====== DATA PROVIDED
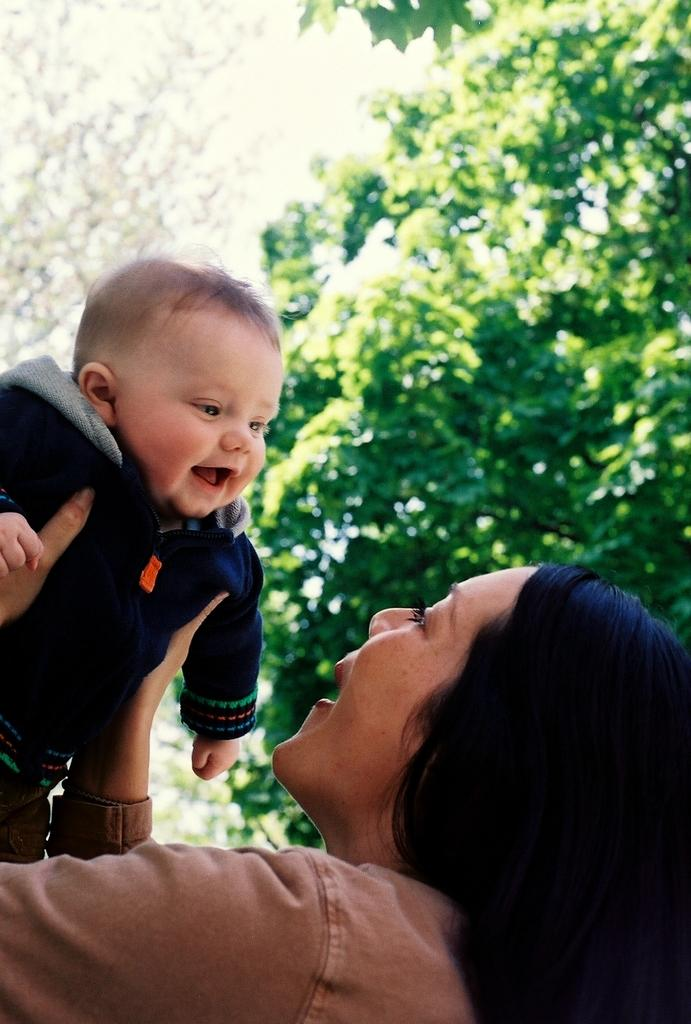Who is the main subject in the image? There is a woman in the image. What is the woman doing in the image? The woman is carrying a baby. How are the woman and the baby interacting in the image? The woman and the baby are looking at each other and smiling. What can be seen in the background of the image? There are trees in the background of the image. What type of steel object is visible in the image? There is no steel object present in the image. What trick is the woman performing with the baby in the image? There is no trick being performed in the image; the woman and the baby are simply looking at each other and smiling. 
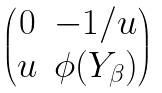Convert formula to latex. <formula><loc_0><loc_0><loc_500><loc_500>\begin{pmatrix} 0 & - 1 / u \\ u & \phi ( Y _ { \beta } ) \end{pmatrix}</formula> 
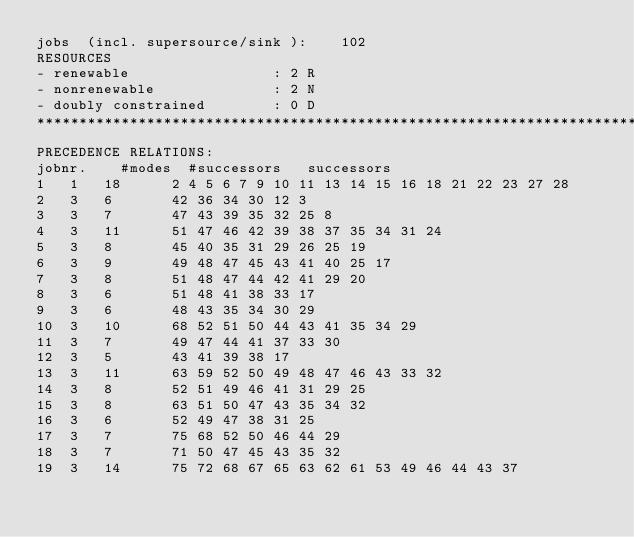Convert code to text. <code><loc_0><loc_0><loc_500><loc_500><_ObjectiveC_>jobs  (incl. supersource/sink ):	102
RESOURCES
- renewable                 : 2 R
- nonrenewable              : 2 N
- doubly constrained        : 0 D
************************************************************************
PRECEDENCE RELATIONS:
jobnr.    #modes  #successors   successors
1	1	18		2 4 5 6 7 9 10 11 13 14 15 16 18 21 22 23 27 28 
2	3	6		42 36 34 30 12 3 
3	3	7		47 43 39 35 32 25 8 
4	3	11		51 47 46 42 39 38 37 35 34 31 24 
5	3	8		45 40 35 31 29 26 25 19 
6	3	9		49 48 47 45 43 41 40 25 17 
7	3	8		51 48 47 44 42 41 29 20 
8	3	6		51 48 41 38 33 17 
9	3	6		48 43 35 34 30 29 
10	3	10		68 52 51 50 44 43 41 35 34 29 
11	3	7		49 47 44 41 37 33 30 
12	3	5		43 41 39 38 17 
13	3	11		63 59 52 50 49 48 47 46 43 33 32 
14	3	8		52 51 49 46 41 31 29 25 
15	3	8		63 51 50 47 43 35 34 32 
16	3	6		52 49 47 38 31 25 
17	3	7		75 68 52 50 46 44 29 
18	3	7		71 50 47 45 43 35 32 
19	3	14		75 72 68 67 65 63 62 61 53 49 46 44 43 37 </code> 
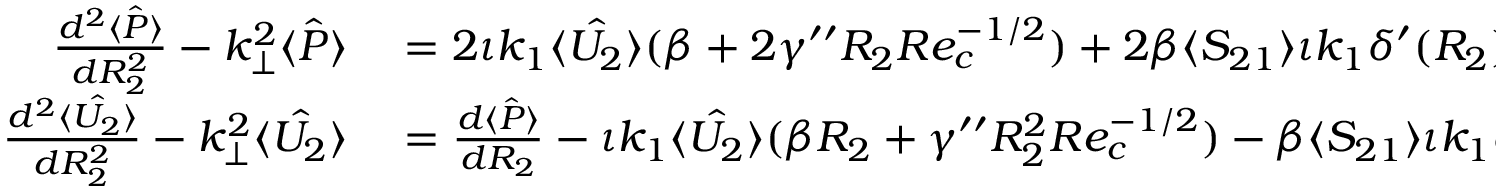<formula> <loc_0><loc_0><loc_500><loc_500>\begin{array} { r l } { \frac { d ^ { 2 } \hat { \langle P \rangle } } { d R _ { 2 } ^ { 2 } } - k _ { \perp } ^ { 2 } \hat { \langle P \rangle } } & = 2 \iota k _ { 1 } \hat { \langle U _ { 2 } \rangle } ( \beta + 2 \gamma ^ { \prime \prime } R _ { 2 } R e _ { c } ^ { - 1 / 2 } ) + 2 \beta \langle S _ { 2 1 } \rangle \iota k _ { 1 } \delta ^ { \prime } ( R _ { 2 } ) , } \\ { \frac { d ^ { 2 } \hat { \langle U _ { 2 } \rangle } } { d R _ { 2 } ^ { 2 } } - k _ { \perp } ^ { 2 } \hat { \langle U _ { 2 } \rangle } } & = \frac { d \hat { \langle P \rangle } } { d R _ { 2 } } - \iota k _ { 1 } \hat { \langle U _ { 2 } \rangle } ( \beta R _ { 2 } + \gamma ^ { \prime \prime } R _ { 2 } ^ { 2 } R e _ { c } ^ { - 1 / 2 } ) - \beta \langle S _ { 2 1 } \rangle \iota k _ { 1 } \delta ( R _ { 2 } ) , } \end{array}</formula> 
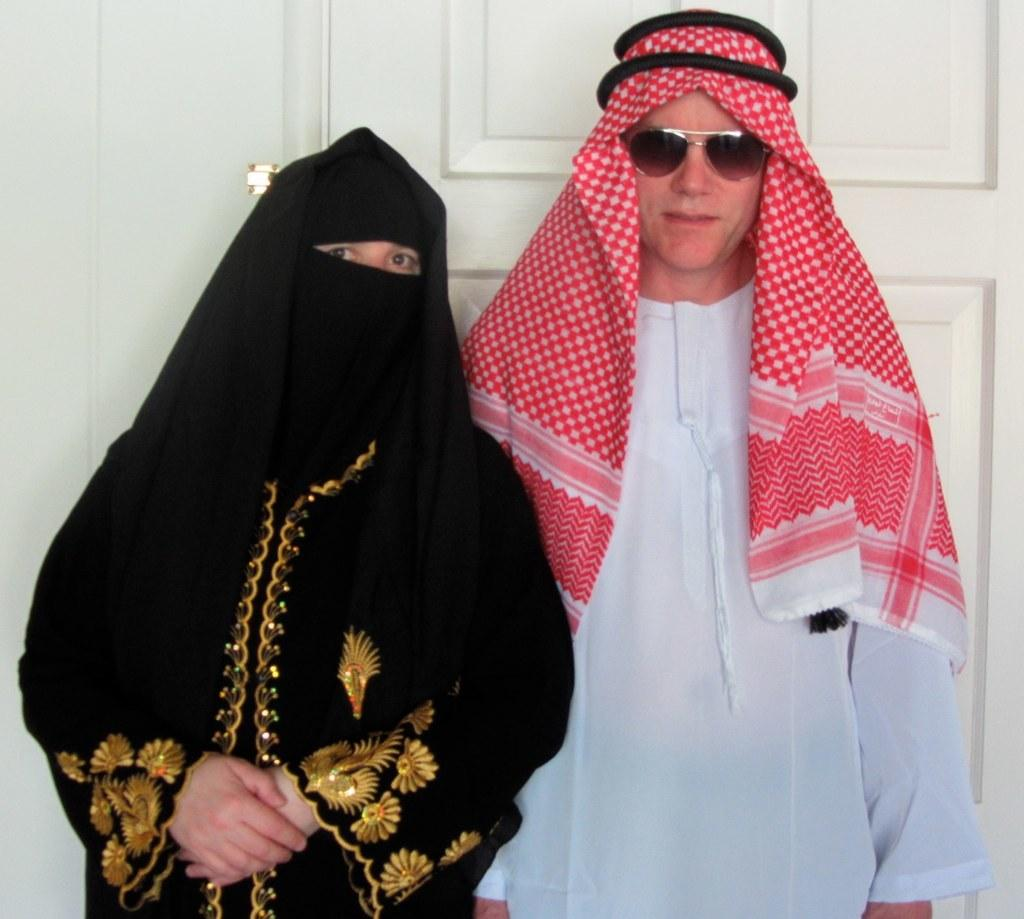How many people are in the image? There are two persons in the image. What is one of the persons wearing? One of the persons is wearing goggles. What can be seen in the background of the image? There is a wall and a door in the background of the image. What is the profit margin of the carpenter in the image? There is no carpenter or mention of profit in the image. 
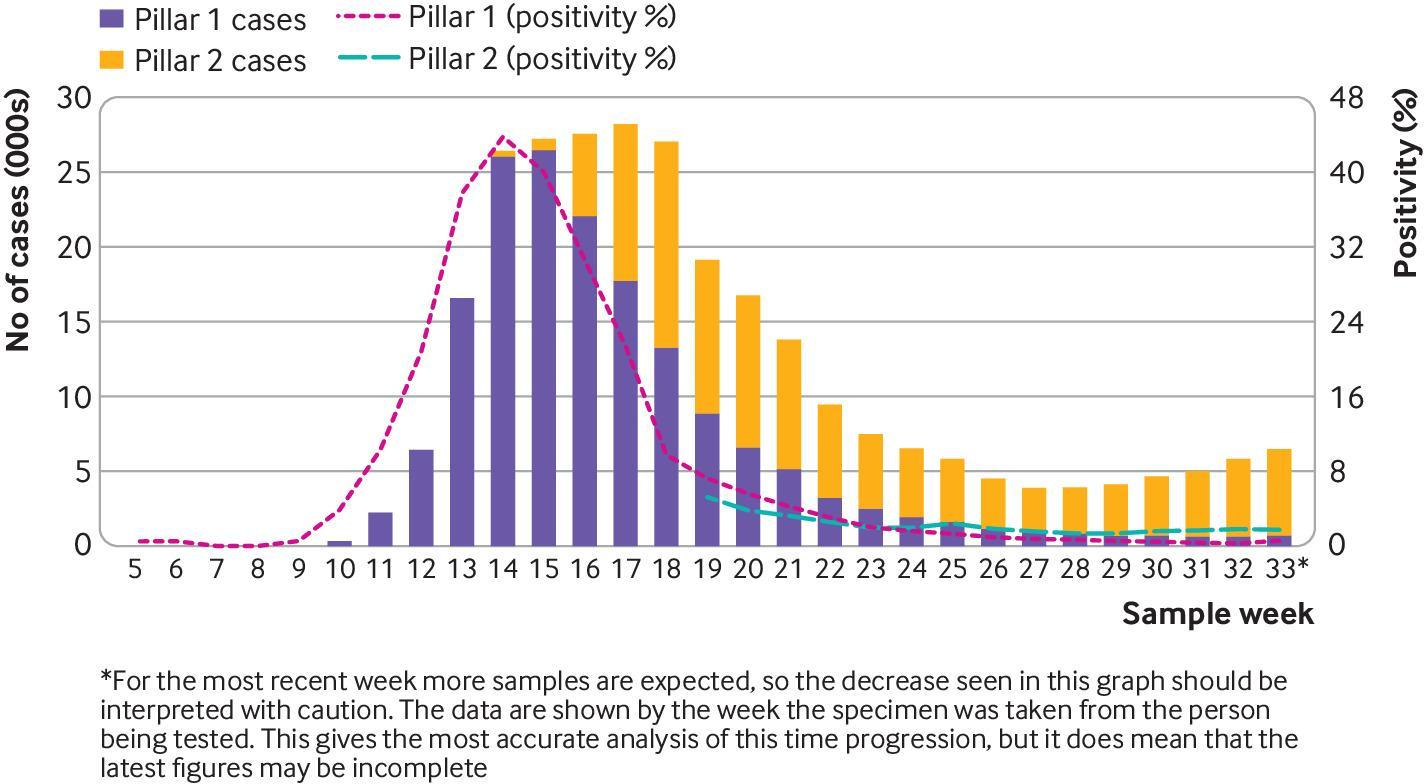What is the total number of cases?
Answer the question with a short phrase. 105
============
====== DATA PROVIDED
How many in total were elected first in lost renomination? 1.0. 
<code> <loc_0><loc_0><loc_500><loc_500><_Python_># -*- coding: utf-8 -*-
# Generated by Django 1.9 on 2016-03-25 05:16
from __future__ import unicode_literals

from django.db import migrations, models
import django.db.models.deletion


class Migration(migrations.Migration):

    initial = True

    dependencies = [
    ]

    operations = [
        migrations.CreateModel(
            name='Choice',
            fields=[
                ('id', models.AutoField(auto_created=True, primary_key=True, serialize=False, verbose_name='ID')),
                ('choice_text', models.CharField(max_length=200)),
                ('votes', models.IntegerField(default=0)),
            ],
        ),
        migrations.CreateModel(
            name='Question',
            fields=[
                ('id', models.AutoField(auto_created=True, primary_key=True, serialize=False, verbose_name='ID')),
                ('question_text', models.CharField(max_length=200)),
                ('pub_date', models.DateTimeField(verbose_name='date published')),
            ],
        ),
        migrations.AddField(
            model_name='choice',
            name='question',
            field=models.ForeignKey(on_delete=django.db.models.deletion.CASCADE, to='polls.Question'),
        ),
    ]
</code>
============
====== DATA PROVIDED
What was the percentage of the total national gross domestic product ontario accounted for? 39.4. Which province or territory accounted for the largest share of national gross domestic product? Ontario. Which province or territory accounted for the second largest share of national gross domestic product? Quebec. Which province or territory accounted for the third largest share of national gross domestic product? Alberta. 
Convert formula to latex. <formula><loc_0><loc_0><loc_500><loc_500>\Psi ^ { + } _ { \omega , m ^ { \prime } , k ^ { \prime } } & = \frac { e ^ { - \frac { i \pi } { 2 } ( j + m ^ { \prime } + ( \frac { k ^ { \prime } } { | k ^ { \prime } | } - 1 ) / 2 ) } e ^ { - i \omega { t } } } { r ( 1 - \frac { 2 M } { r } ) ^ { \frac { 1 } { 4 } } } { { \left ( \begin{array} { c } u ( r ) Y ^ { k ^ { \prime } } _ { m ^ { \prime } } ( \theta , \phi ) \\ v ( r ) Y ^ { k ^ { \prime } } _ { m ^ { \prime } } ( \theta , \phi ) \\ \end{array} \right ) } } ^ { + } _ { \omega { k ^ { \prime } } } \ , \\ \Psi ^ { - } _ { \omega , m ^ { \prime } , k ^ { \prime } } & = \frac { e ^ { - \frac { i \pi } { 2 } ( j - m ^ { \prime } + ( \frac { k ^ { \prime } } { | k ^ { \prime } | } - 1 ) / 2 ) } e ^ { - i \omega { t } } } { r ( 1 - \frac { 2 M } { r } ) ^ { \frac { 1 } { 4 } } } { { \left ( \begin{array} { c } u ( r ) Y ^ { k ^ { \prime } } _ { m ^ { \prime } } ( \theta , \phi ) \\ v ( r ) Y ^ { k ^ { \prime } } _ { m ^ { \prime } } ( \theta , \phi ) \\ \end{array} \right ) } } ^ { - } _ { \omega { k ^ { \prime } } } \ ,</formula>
============
Return all lines from the data that include the string "migrations".

◆ **PROBLEM SOLUTION**
from django.db import migrations, models
class Migration(migrations.Migration):
        migrations.CreateModel(
        migrations.CreateModel(
        migrations.AddField(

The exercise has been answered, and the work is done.